WL: Also, I was going to ask you because you are a woman and worship and it is an area that historically has been more occupied by men than by women, has that affected you?

KJ: I watched Darlene Zschech as I grew up and was really impacted by her because she was one of the only women leading. I don’t ever see any kind of segregation in it or any kind of problem, I think there is always honor in it because people are honoring of what I do. Now, I might have a different answer if I was younger or if I was in a place where I wasn’t getting to do what was in my heart. But I have had opportunities over the years to probably give up on it because I saw some hardships at different times in the area of serving. And God will always ask us to submit to authority,

We’ll always have an opportunity to submit to other leaders that will be over us, and I think that it is very important for younger women who desire to be worship leaders to keep serving, to always honor, always value, everyone’s gift that’s above them.

It’s “Be a good server where God puts you.” Always serve, try not to let your emotions take over when you are having meetings with lots of men. It freaks them out, you know, they don’t like tears. I have learned a few things over the years, rules of engagement, rules of the game: Men want to be honored and respected. And you can get a long way and be honored in your life if you’ll do that, not just with men, but women, as well.

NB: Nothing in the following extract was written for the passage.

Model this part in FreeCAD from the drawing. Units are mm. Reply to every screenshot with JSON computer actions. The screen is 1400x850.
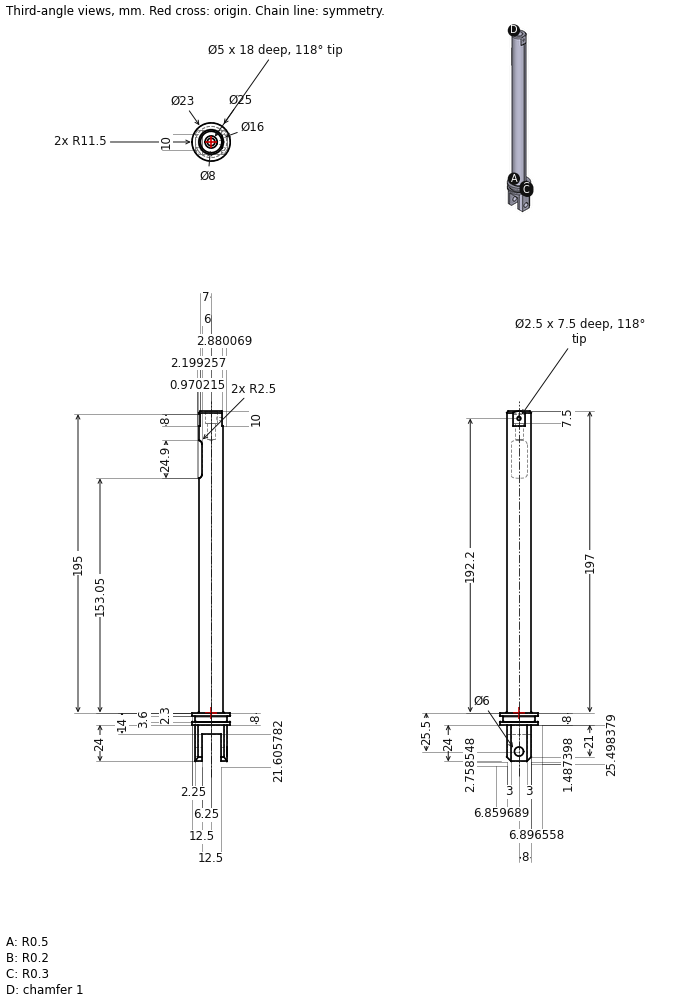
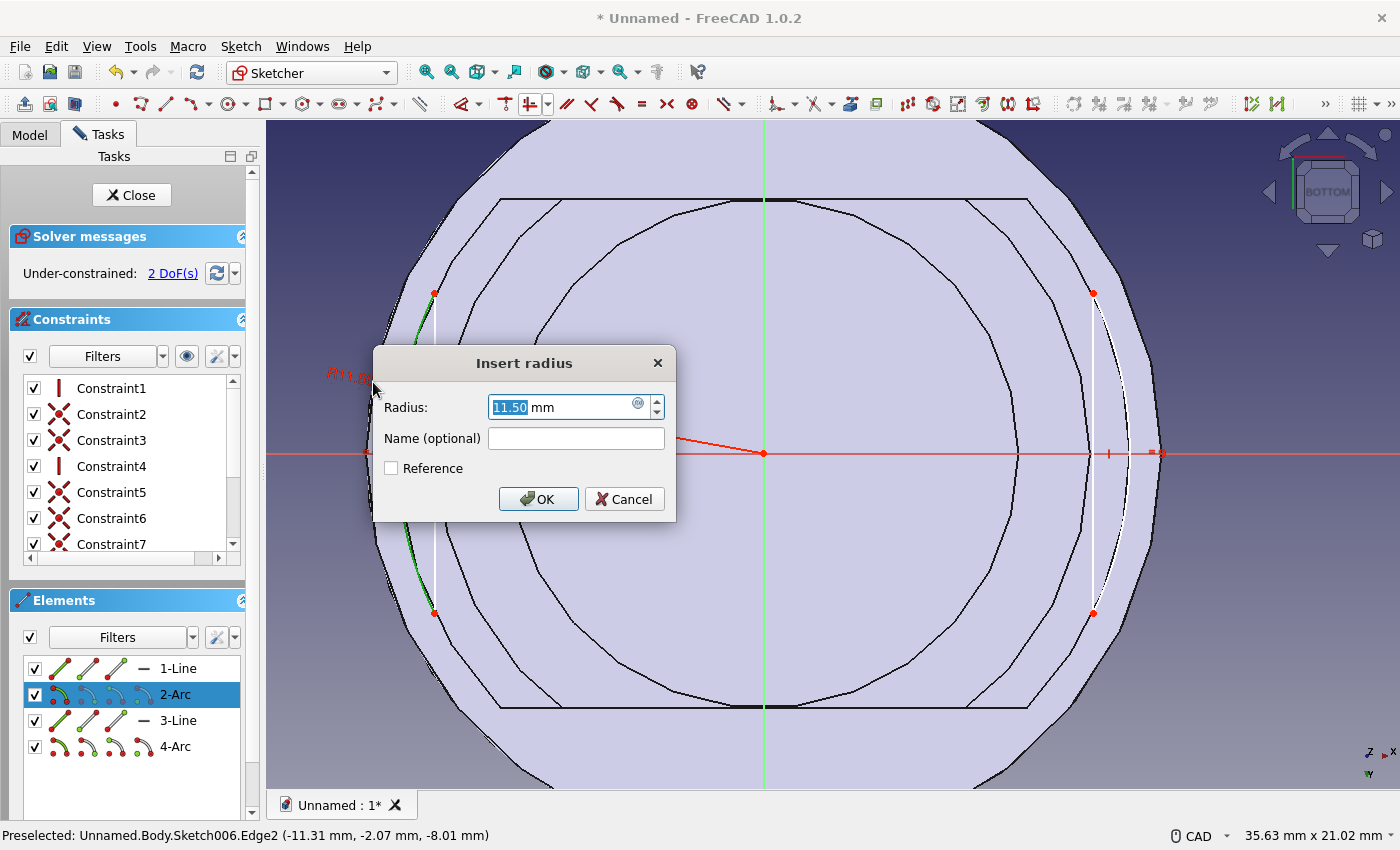
{"action": "type", "text": "11.5"}
{"action": "key", "text": "Return"}

WL: Well, speaking of learning, where do you think that you have learned to lead? Who are the people and what are the experiences that have taught you how to lead people into the presence of God.

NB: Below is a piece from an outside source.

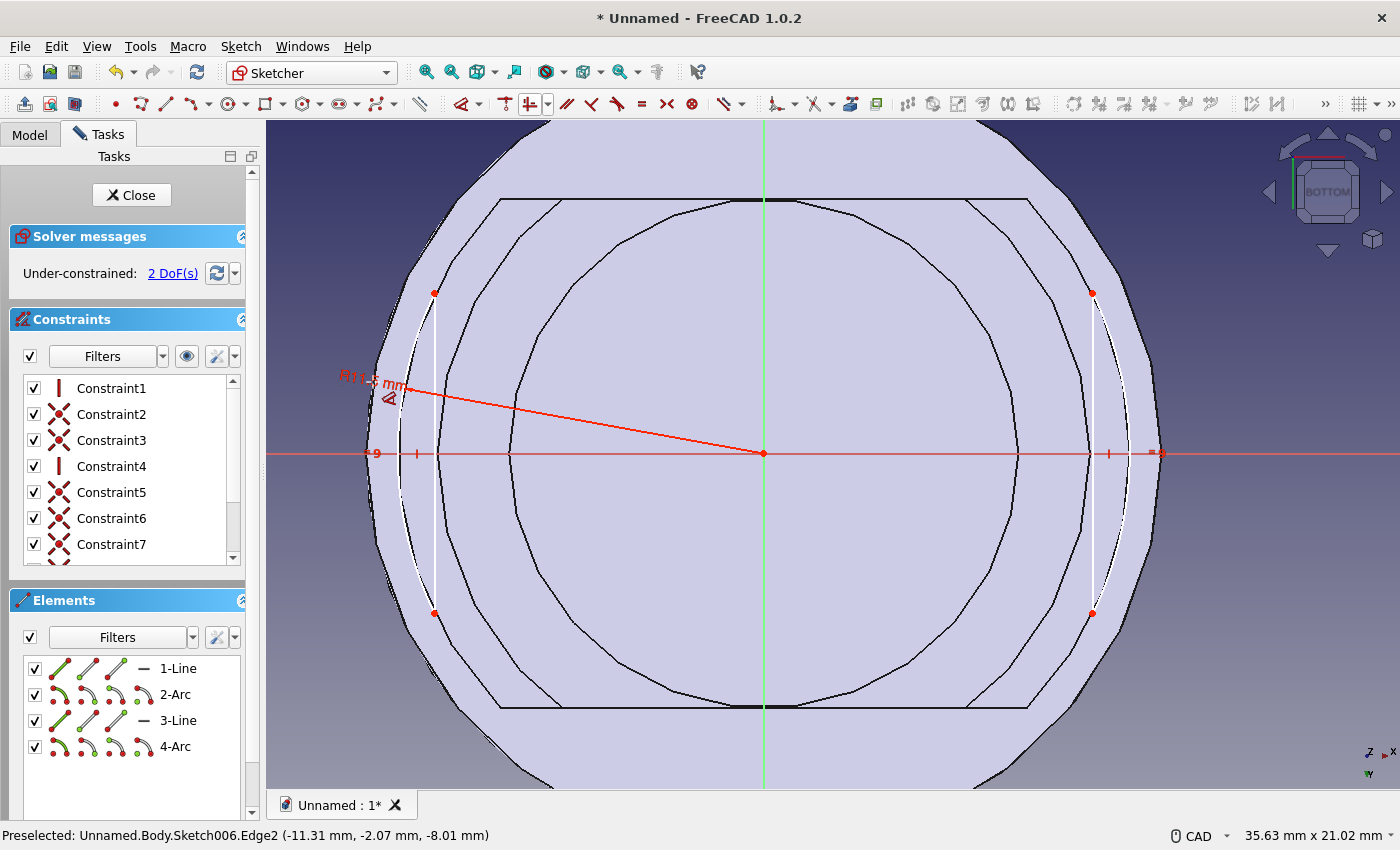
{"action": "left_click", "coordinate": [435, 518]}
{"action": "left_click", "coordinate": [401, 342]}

KJ: I’ve learned a lot from the leaders over me through the years. I feel so thankful for every single leader I’ve ever lead under. From my dad when I was a teenager, he was my youth pastor, my mom’s always been such a woman of God, then going off to college and serving on worship teams at ORU and Christ for the Nation. I’ve done a lot of teaching myself as a worship pastor at Gateway Church and I’ve always been pastored well. I’m thankful for that. And even when I wanted to not go to church, I would go to church because I knew it was part of how God pours into us. To do community with people is powerful. Satan likes to isolate people—especially leaders. He makes a lot of leaders feel like nobody will get it, you can’t be accountable: “I could never share this with someone, because what would happen?” But that’s the worst thing that could happen as a leader. So having good Godly leadership, that does life with me, holds me accountable and pastors me well, are probably my biggest lifesavers.

WL: Is there something that you would want to share to encourage Worship Leader’s readers: pastors, worship leaders, vocalists, musicians, tech team.

KJ: Yes, I’d like to encourage people to stay fresh by staying honest and open with people. A lot of worship leaders are tired, they talk about being tired and it seems like they are going through the motions. My encouragement to them is to make sure that the only time they are worshiping isn’t on the stage. I have to be really careful to have my own personal time of worship between me and the Lord, where there aren’t people watching me to keep it real and keep it fresh. And I think that’s always an encouragement to other worship leaders, and also to raise up other leaders where they don’t have to carry all the services every single time. Raise them up. Don’t be afraid to let people fail. Set them up to win, but if they fall and a song flops, let them do it again. I never got it right at the beginning. I still mess up. I messed up these words the other night, I started laughing on stage. Started the song over, and everyone laughed and cheered, and that was probably everyone’s favorite moment because it was human and it was real. Just be okay with being real. Be real with people.